Protocols#
Protocols are a set of tasks that are executed in a specific order. Protocols are represented as directed acyclic graphs (DAGs) where nodes are tasks and edges are dependencies between tasks. Tasks part of a protocol can pass parameters, devices, and resources to each other using EOS’ reference system. Task parameters may be fully defined, with values provided for all task parameters or they may be left undefined by denoting them as dynamic parameters. Protocols with dynamic parameters can be used to run campaigns of protocol runs, where an optimizer generates the values for the dynamic parameters across repeated protocol runs to optimize some objectives.

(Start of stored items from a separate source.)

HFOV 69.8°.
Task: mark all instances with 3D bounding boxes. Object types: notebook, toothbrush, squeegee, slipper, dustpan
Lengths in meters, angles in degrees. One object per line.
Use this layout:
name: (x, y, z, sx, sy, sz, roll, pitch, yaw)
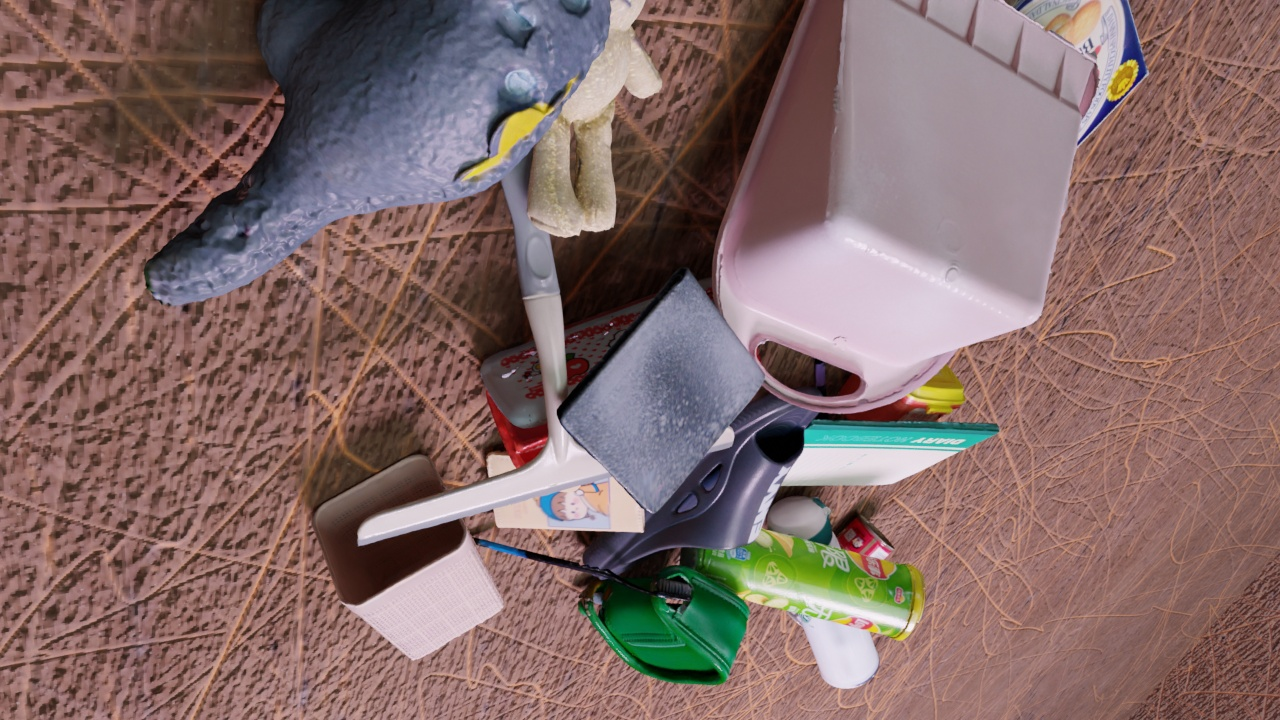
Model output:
notebook: (0.197, 0.085, 0.833, 0.208, 0.012, 0.151, 3, 153, -27)
toothbrush: (-0.047, 0.164, 0.733, 0.189, 0.014, 0.016, 17, 76, -7)
squeegee: (-0.057, -0.030, 0.525, 0.246, 0.039, 0.247, -12, 107, -20)
slipper: (0.060, 0.118, 0.737, 0.110, 0.083, 0.269, -7, 148, -52)
toothbrush: (0.172, 0.060, 0.864, 0.014, 0.016, 0.189, -24, 135, -11)
dustpan: (0.158, -0.109, 0.604, 0.222, 0.139, 0.273, 22, 70, -21)

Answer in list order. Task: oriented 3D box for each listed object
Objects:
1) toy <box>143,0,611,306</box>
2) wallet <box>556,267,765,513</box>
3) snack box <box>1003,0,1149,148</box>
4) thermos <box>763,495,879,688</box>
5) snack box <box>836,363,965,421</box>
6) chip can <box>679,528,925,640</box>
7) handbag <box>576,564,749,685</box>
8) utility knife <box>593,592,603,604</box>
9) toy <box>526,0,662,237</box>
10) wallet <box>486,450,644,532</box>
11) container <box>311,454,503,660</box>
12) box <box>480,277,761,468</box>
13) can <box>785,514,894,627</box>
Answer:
toy: (-0.091, -0.152, 0.405, 0.138, 0.091, 0.357, 34, 99, -9)
wallet: (0.015, 0.019, 0.552, 0.120, 0.019, 0.097, -50, 121, -16)
snack box: (0.280, -0.205, 0.683, 0.178, 0.045, 0.182, -47, 138, 10)
thermos: (0.185, 0.239, 0.947, 0.073, 0.073, 0.224, -29, 117, -11)
snack box: (0.235, 0.032, 0.837, 0.091, 0.082, 0.080, 5, 132, -38)
chip can: (0.146, 0.199, 0.851, 0.221, 0.072, 0.073, 15, 122, -5)
handbag: (0.021, 0.232, 0.816, 0.120, 0.132, 0.067, 40, 55, -22)
utility knife: (0.022, 0.223, 0.903, 0.161, 0.013, 0.029, 1, 122, -33)
toy: (-0.029, -0.143, 0.480, 0.105, 0.066, 0.157, 0, 105, -28)
wallet: (-0.055, 0.096, 0.689, 0.115, 0.024, 0.087, 2, 131, 4)
container: (-0.158, 0.144, 0.647, 0.089, 0.090, 0.111, -29, 141, -12)
box: (-0.004, 0.001, 0.624, 0.201, 0.094, 0.092, -21, 174, -19)
can: (0.216, 0.236, 1.022, 0.133, 0.053, 0.053, -47, 138, 9)
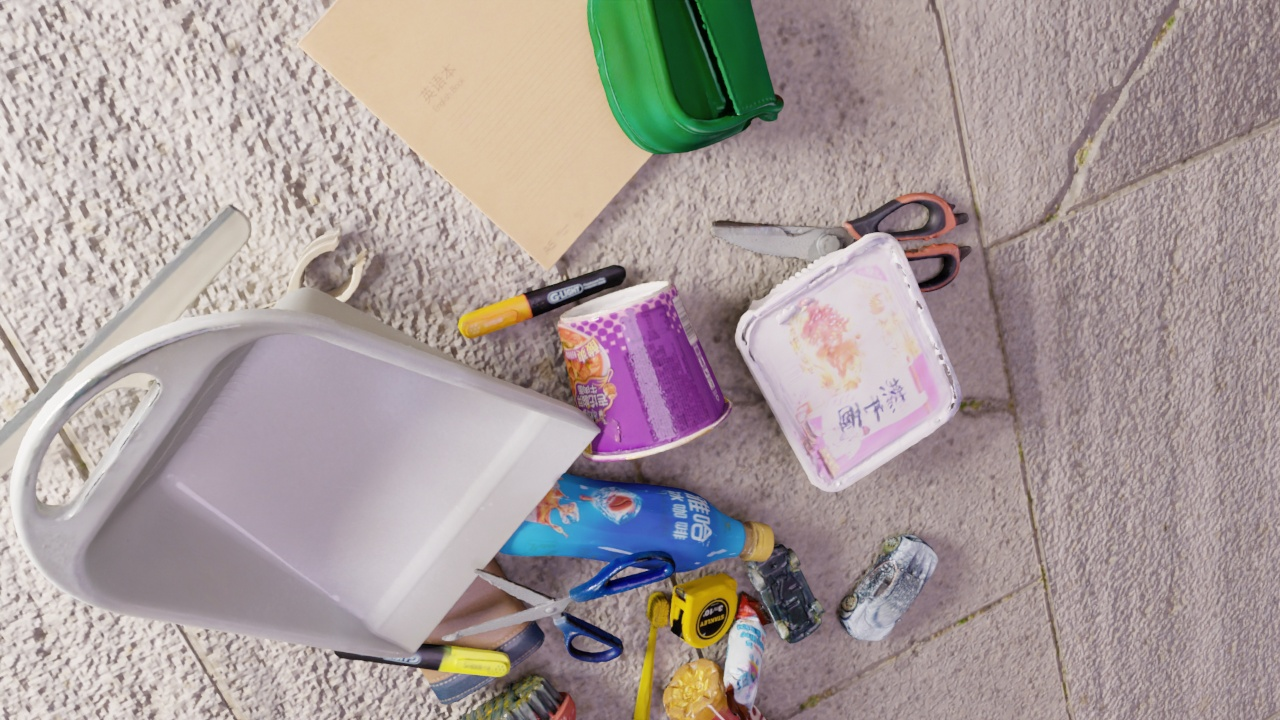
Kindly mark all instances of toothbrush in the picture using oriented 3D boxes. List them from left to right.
[{"bbox_3d":[0.005,0.279,0.753,0.015,0.016,0.190,3,104,-18],"label":"toothbrush"}]

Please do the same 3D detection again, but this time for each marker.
[{"bbox_3d":[-0.153,0.209,0.647,0.124,0.015,0.018,12,96,-16],"label":"marker"},{"bbox_3d":[-0.067,-0.042,0.640,0.123,0.015,0.018,-21,115,-14],"label":"marker"}]

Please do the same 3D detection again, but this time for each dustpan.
[{"bbox_3d":[-0.183,0.078,0.512,0.257,0.142,0.223,36,102,-18],"label":"dustpan"}]

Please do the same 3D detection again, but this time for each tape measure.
[{"bbox_3d":[0.049,0.200,0.737,0.059,0.029,0.057,-6,109,-37],"label":"tape measure"}]

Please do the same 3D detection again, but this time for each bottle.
[{"bbox_3d":[-0.001,0.123,0.681,0.218,0.065,0.065,13,100,-22],"label":"bottle"},{"bbox_3d":[0.090,0.324,0.772,0.057,0.057,0.175,-41,113,-4],"label":"bottle"}]

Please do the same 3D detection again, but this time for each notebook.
[{"bbox_3d":[-0.087,-0.181,0.597,0.211,0.012,0.149,42,89,-23],"label":"notebook"}]

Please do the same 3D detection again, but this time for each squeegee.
[{"bbox_3d":[-0.248,0.064,0.595,0.247,0.039,0.246,-41,114,8],"label":"squeegee"}]

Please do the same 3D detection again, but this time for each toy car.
[{"bbox_3d":[0.118,0.191,0.757,0.043,0.034,0.090,-30,110,-6],"label":"toy car"},{"bbox_3d":[0.216,0.200,0.794,0.049,0.031,0.105,34,93,-23],"label":"toy car"}]

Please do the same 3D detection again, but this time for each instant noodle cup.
[{"bbox_3d":[-0.004,0.004,0.630,0.111,0.111,0.099,-22,101,-12],"label":"instant noodle cup"},{"bbox_3d":[0.151,-0.003,0.693,0.138,0.060,0.173,-33,118,-2],"label":"instant noodle cup"}]

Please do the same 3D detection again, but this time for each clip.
[{"bbox_3d":[-0.214,-0.037,0.583,0.101,0.035,0.076,-46,115,3],"label":"clip"}]

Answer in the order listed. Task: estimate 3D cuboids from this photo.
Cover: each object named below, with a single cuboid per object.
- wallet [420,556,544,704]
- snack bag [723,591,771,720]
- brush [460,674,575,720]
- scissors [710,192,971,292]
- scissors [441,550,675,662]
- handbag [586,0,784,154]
[{"bbox_3d":[-0.134,0.185,0.673,0.090,0.033,0.115,-30,111,-11],"label":"wallet"},{"bbox_3d":[0.083,0.239,0.736,0.026,0.105,0.045,-10,127,25],"label":"snack bag"},{"bbox_3d":[-0.111,0.302,0.696,0.145,0.063,0.069,-33,101,-9],"label":"brush"},{"bbox_3d":[0.156,-0.103,0.698,0.210,0.015,0.177,40,92,-24],"label":"scissors"},{"bbox_3d":[-0.052,0.178,0.658,0.176,0.012,0.162,-22,134,-1],"label":"scissors"},{"bbox_3d":[0.035,-0.205,0.596,0.120,0.068,0.131,-20,101,-32],"label":"handbag"}]
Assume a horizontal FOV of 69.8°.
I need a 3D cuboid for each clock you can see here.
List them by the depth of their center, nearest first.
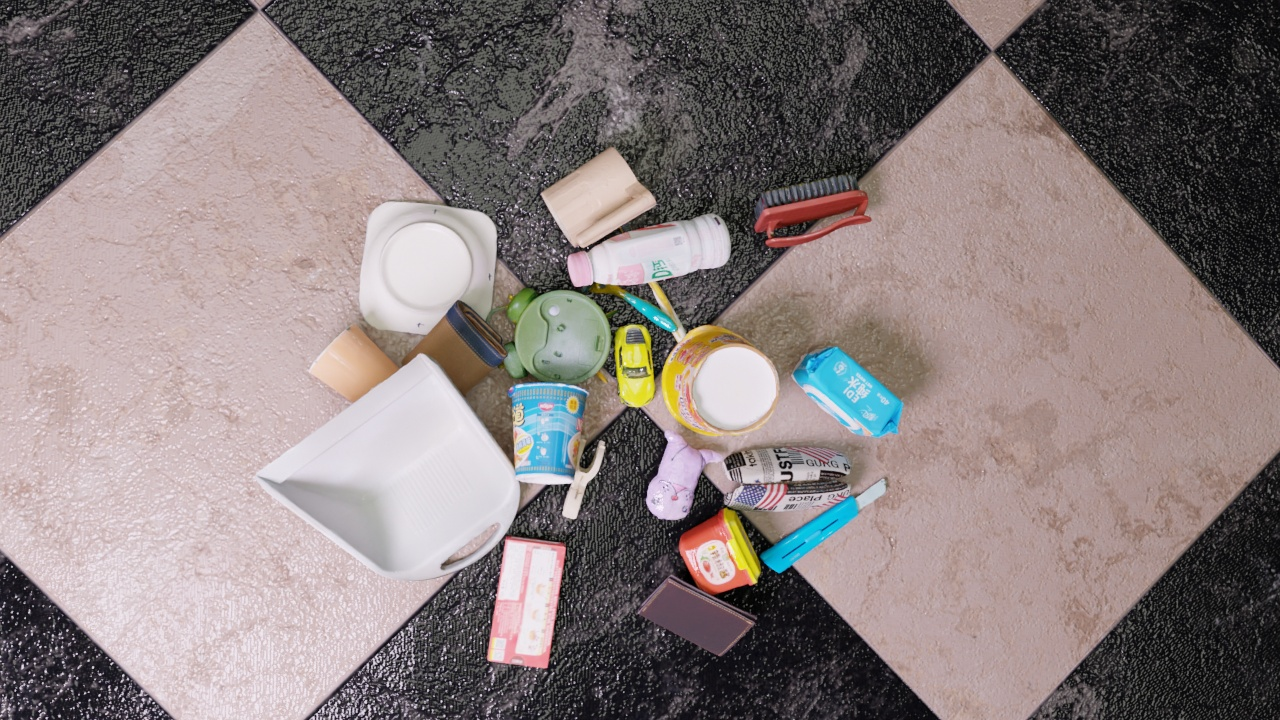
[{"bbox_3d":[-0.112,-0.029,1.129,0.161,0.056,0.116,8,87,-5],"label":"clock"}]

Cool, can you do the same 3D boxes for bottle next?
[{"bbox_3d":[0.010,-0.130,1.120,0.196,0.068,0.068,-13,90,-17],"label":"bottle"}]

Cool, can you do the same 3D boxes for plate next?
[{"bbox_3d":[-0.262,-0.113,1.127,0.164,0.034,0.163,5,89,-5],"label":"plate"}]

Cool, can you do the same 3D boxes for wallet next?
[{"bbox_3d":[-0.225,-0.004,1.109,0.115,0.033,0.090,-43,90,20],"label":"wallet"},{"bbox_3d":[0.068,0.315,1.133,0.122,0.020,0.097,28,130,-6],"label":"wallet"}]

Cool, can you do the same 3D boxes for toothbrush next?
[{"bbox_3d":[0.017,-0.098,1.161,0.016,0.018,0.191,-27,92,-4],"label":"toothbrush"}]

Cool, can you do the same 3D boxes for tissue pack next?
[{"bbox_3d":[0.257,0.041,1.147,0.140,0.090,0.063,41,86,-4],"label":"tissue pack"}]

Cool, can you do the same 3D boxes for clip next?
[{"bbox_3d":[-0.072,0.142,1.125,0.035,0.083,0.104,20,76,-5],"label":"clip"}]

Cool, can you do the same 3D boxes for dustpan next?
[{"bbox_3d":[-0.254,0.149,1.047,0.222,0.258,0.142,-37,69,-5],"label":"dustpan"}]

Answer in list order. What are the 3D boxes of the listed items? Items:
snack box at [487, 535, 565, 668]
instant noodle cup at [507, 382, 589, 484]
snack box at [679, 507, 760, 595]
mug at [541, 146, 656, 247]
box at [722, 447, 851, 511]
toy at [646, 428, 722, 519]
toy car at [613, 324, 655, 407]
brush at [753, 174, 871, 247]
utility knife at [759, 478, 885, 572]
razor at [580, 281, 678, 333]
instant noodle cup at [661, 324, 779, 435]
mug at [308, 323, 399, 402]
[{"bbox_3d":[-0.141,0.299,1.137,0.075,0.025,0.153,9,89,-7],"label":"snack box"},{"bbox_3d":[-0.112,0.090,1.095,0.099,0.099,0.109,3,76,-6],"label":"instant noodle cup"},{"bbox_3d":[0.097,0.240,1.139,0.080,0.082,0.091,-26,91,8],"label":"snack box"},{"bbox_3d":[-0.050,-0.189,1.108,0.103,0.124,0.084,-33,130,-4],"label":"mug"},{"bbox_3d":[0.184,0.161,1.159,0.162,0.076,0.088,-1,111,-9],"label":"box"},{"bbox_3d":[0.048,0.150,1.151,0.084,0.039,0.108,24,86,-14],"label":"toy"},{"bbox_3d":[-0.007,0.007,1.151,0.048,0.032,0.105,-5,91,-6],"label":"toy car"},{"bbox_3d":[0.220,-0.188,1.161,0.145,0.063,0.069,-14,79,-7],"label":"brush"},{"bbox_3d":[0.239,0.210,1.180,0.191,0.018,0.034,-33,92,-7],"label":"utility knife"},{"bbox_3d":[-0.009,-0.072,1.153,0.132,0.028,0.043,30,110,-1],"label":"razor"},{"bbox_3d":[0.102,0.031,1.117,0.138,0.110,0.138,0,93,-8],"label":"instant noodle cup"},{"bbox_3d":[-0.324,0.025,1.101,0.123,0.078,0.078,43,85,-9],"label":"mug"}]

Above is an example of a possible protocol that could be implemented with EOS. There is a series of tasks, each requiring one or more devices. In addition to the task precedence dependencies with edges shown in the graph, there can also be dependencies in the form of parameters, devices, and resources passed between tasks. For example, the task “Mix Solutions” may take as input parameters the volumes of the solutions to mix, and these values may be output from the “Dispense Solutions” task. Tasks can reference input/output parameters, devices, and resources from other tasks.
Protocol Implementation#
Protocols are implemented in the protocols subdirectory inside an EOS package
Each protocol has its own subfolder (e.g., protocols/optimize_yield)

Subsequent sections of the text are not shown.